- Your instructions
Give every entry again, exactly.
Start of Data for analysis
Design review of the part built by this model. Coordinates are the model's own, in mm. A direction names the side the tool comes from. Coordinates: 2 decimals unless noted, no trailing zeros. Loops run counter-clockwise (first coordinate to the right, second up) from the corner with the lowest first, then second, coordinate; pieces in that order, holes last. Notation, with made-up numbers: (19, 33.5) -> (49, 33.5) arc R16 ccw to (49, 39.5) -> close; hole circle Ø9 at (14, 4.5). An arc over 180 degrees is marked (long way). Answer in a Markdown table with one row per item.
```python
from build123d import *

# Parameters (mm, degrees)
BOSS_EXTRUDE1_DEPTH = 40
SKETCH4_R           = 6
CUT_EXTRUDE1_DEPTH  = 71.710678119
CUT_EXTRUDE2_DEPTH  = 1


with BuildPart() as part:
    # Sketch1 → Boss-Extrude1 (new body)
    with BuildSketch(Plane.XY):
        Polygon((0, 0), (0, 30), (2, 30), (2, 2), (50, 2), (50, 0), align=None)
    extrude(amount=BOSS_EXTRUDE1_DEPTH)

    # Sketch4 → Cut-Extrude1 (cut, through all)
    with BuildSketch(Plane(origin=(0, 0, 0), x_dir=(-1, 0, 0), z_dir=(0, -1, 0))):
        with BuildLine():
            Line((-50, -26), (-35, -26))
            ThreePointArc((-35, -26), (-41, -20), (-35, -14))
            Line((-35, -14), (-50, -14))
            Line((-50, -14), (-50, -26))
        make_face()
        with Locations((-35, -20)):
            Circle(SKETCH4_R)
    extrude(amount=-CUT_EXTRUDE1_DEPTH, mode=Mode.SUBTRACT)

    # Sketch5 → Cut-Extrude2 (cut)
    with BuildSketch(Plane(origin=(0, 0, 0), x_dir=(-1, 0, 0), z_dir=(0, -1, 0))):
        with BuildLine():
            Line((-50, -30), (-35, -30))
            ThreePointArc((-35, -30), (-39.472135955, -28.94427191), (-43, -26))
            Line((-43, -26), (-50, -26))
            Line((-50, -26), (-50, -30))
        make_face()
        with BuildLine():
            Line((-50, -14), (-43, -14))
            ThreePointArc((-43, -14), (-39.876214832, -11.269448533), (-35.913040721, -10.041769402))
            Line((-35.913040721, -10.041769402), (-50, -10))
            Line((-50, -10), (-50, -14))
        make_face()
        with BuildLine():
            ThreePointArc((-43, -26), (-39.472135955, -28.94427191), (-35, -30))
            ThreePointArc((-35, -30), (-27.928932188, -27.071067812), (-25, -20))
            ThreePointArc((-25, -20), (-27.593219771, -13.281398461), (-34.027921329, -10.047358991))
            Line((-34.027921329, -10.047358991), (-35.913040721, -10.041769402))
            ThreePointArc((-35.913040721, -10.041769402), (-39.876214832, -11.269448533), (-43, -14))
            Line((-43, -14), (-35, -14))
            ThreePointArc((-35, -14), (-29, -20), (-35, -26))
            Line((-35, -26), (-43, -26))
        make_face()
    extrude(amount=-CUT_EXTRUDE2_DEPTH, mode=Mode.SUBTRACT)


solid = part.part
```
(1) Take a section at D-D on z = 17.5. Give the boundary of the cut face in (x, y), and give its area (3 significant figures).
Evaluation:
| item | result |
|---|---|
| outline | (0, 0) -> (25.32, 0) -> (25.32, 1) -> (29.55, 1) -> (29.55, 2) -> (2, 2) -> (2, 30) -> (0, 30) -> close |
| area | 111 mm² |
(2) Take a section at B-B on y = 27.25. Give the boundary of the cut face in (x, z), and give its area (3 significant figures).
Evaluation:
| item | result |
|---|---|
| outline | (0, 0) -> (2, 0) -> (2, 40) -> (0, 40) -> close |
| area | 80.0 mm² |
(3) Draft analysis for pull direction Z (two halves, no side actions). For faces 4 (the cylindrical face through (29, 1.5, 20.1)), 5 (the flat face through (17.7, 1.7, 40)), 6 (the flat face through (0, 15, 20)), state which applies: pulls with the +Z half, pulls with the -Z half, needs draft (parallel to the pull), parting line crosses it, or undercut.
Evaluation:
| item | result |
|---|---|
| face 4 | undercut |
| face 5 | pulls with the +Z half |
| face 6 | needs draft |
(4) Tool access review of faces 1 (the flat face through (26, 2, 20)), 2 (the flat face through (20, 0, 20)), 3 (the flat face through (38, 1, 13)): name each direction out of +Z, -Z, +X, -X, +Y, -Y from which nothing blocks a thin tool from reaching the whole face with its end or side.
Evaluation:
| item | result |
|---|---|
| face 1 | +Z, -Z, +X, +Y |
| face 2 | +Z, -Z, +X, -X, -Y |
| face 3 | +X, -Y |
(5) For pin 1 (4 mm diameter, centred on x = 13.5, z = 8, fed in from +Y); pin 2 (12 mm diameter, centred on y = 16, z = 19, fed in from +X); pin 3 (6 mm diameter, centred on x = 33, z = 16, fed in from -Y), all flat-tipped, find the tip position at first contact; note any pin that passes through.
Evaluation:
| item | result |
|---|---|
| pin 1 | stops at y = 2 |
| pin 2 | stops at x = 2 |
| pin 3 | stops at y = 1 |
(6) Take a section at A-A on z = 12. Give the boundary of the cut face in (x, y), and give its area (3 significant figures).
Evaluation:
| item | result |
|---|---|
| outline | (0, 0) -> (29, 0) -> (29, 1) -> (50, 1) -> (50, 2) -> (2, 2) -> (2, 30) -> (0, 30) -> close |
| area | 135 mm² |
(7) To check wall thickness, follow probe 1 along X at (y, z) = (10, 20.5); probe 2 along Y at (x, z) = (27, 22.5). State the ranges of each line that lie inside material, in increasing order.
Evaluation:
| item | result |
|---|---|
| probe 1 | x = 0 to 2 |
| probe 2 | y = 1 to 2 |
End of Data for analysis
- Result of the exercise
Design review of the part built by this model. Coordinates are the model's own, in mm. A direction names the side the tool comes from. Coordinates: 2 decimals unless noted, no trailing zeros. Loops run counter-clockwise (first coordinate to the right, second up) from the corner with the lowest first, then second, coordinate; pieces in that order, holes last. Notation, with made-up numbers: (19, 33.5) -> (49, 33.5) arc R16 ccw to (49, 39.5) -> close; hole circle Ø9 at (14, 4.5). An arc over 180 degrees is marked (long way). Answer in a Markdown table with one row per item.
```python
from build123d import *

# Parameters (mm, degrees)
BOSS_EXTRUDE1_DEPTH = 40
SKETCH4_R           = 6
CUT_EXTRUDE1_DEPTH  = 71.710678119
CUT_EXTRUDE2_DEPTH  = 1


with BuildPart() as part:
    # Sketch1 → Boss-Extrude1 (new body)
    with BuildSketch(Plane.XY):
        Polygon((0, 0), (0, 30), (2, 30), (2, 2), (50, 2), (50, 0), align=None)
    extrude(amount=BOSS_EXTRUDE1_DEPTH)

    # Sketch4 → Cut-Extrude1 (cut, through all)
    with BuildSketch(Plane(origin=(0, 0, 0), x_dir=(-1, 0, 0), z_dir=(0, -1, 0))):
        with BuildLine():
            Line((-50, -26), (-35, -26))
            ThreePointArc((-35, -26), (-41, -20), (-35, -14))
            Line((-35, -14), (-50, -14))
            Line((-50, -14), (-50, -26))
        make_face()
        with Locations((-35, -20)):
            Circle(SKETCH4_R)
    extrude(amount=-CUT_EXTRUDE1_DEPTH, mode=Mode.SUBTRACT)

    # Sketch5 → Cut-Extrude2 (cut)
    with BuildSketch(Plane(origin=(0, 0, 0), x_dir=(-1, 0, 0), z_dir=(0, -1, 0))):
        with BuildLine():
            Line((-50, -30), (-35, -30))
            ThreePointArc((-35, -30), (-39.472135955, -28.94427191), (-43, -26))
            Line((-43, -26), (-50, -26))
            Line((-50, -26), (-50, -30))
        make_face()
        with BuildLine():
            Line((-50, -14), (-43, -14))
            ThreePointArc((-43, -14), (-39.876214832, -11.269448533), (-35.913040721, -10.041769402))
            Line((-35.913040721, -10.041769402), (-50, -10))
            Line((-50, -10), (-50, -14))
        make_face()
        with BuildLine():
            ThreePointArc((-43, -26), (-39.472135955, -28.94427191), (-35, -30))
            ThreePointArc((-35, -30), (-27.928932188, -27.071067812), (-25, -20))
            ThreePointArc((-25, -20), (-27.593219771, -13.281398461), (-34.027921329, -10.047358991))
            Line((-34.027921329, -10.047358991), (-35.913040721, -10.041769402))
            ThreePointArc((-35.913040721, -10.041769402), (-39.876214832, -11.269448533), (-43, -14))
            Line((-43, -14), (-35, -14))
            ThreePointArc((-35, -14), (-29, -20), (-35, -26))
            Line((-35, -26), (-43, -26))
        make_face()
    extrude(amount=-CUT_EXTRUDE2_DEPTH, mode=Mode.SUBTRACT)


solid = part.part
```
(1) Take a section at D-D on z = 17.5. Give the boundary of the cut face in (x, y), and give its area (3 significant figures).
Evaluation:
| item | result |
|---|---|
| outline | (0, 0) -> (25.32, 0) -> (25.32, 1) -> (29.55, 1) -> (29.55, 2) -> (2, 2) -> (2, 30) -> (0, 30) -> close |
| area | 111 mm² |
(2) Take a section at B-B on y = 27.25. Give the boundary of the cut face in (x, z), and give its area (3 significant figures).
Evaluation:
| item | result |
|---|---|
| outline | (0, 0) -> (2, 0) -> (2, 40) -> (0, 40) -> close |
| area | 80.0 mm² |
(3) Draft analysis for pull direction Z (two halves, no side actions). For faces 4 (the cylindrical face through (29, 1.5, 20.1)), 5 (the flat face through (17.7, 1.7, 40)), 6 (the flat face through (0, 15, 20)), state which applies: pulls with the +Z half, pulls with the -Z half, needs draft (parallel to the pull), parting line crosses it, or undercut.
Evaluation:
| item | result |
|---|---|
| face 4 | undercut |
| face 5 | pulls with the +Z half |
| face 6 | needs draft |
(4) Tool access review of faces 1 (the flat face through (26, 2, 20)), 2 (the flat face through (20, 0, 20)), 3 (the flat face through (38, 1, 13)): name each direction out of +Z, -Z, +X, -X, +Y, -Y from which nothing blocks a thin tool from reaching the whole face with its end or side.
Evaluation:
| item | result |
|---|---|
| face 1 | +Z, -Z, +X, +Y |
| face 2 | +Z, -Z, +X, -X, -Y |
| face 3 | +X, -Y |
(5) For pin 1 (4 mm diameter, centred on x = 13.5, z = 8, fed in from +Y); pin 2 (12 mm diameter, centred on y = 16, z = 19, fed in from +X); pin 3 (6 mm diameter, centred on x = 33, z = 16, fed in from -Y), all flat-tipped, find the tip position at first contact; note any pin that passes through.
Evaluation:
| item | result |
|---|---|
| pin 1 | stops at y = 2 |
| pin 2 | stops at x = 2 |
| pin 3 | stops at y = 1 |
(6) Take a section at A-A on z = 12. Give the boundary of the cut face in (x, y), and give its area (3 significant figures).
Evaluation:
| item | result |
|---|---|
| outline | (0, 0) -> (29, 0) -> (29, 1) -> (50, 1) -> (50, 2) -> (2, 2) -> (2, 30) -> (0, 30) -> close |
| area | 135 mm² |
(7) To check wall thickness, follow probe 1 along X at (y, z) = (10, 20.5); probe 2 along Y at (x, z) = (27, 22.5). State the ranges of each line that lie inside material, in increasing order.
Evaluation:
| item | result |
|---|---|
| probe 1 | x = 0 to 2 |
| probe 2 | y = 1 to 2 |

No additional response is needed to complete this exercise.